- EXERCISE DESCRIPTION:
Once you have counted the lines below that contain "path", give that number and nothing else.
[[ SUPPLIED INFORMATION open ]]
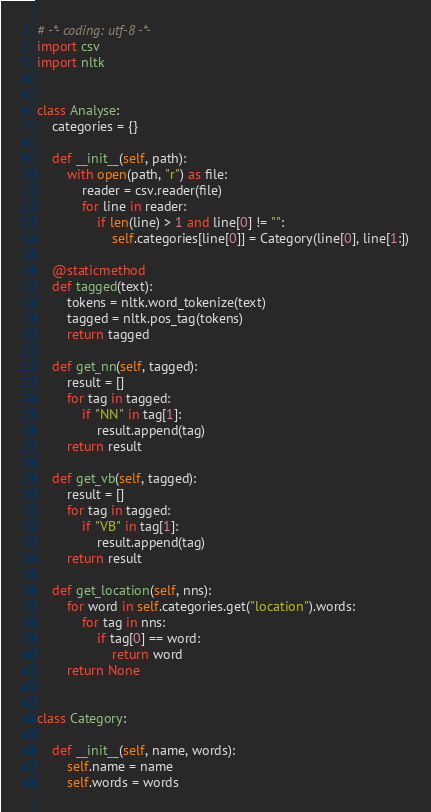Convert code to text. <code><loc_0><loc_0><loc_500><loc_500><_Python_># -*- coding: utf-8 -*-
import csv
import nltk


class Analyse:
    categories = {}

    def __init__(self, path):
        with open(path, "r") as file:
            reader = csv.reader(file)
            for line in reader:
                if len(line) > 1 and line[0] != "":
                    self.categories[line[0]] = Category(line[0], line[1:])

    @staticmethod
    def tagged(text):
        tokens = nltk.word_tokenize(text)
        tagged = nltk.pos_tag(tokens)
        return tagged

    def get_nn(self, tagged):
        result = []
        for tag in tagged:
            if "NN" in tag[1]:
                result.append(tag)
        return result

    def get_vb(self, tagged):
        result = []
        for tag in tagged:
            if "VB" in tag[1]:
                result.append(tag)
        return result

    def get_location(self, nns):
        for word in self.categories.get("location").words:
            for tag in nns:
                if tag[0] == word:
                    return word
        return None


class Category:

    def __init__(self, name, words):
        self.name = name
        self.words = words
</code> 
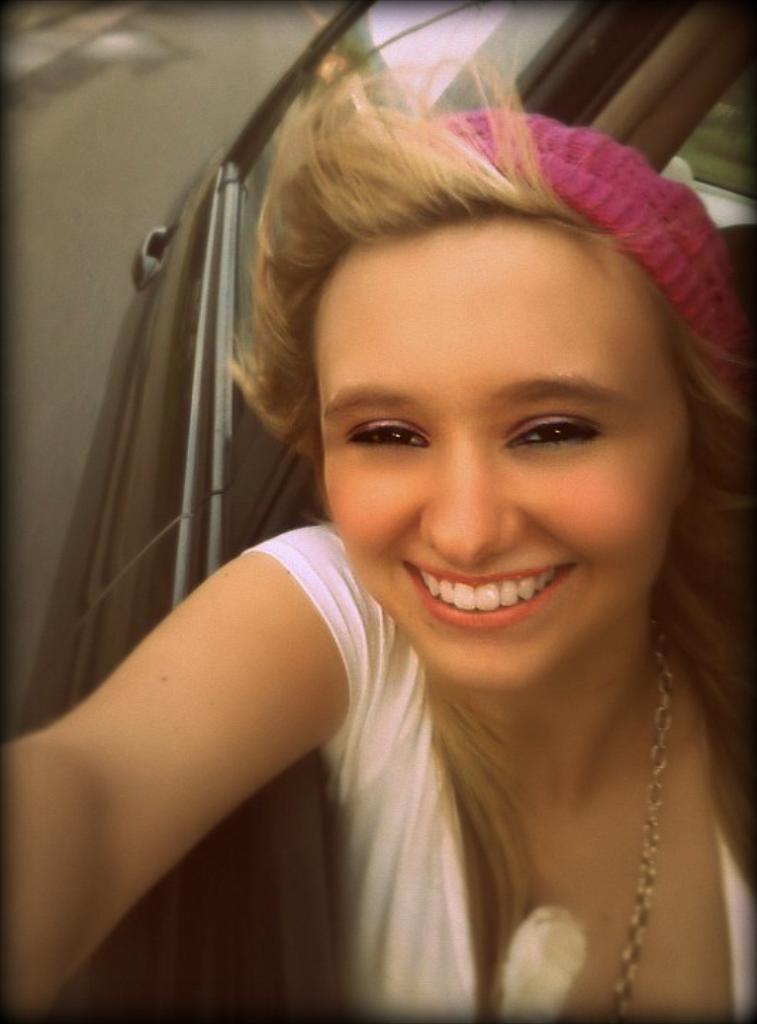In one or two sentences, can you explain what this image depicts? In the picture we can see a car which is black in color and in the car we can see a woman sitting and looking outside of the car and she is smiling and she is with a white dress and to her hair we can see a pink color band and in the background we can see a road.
[[ SUPPLIED INFORMATION closed ]]
- SOLUTION TO THIS TASK:
2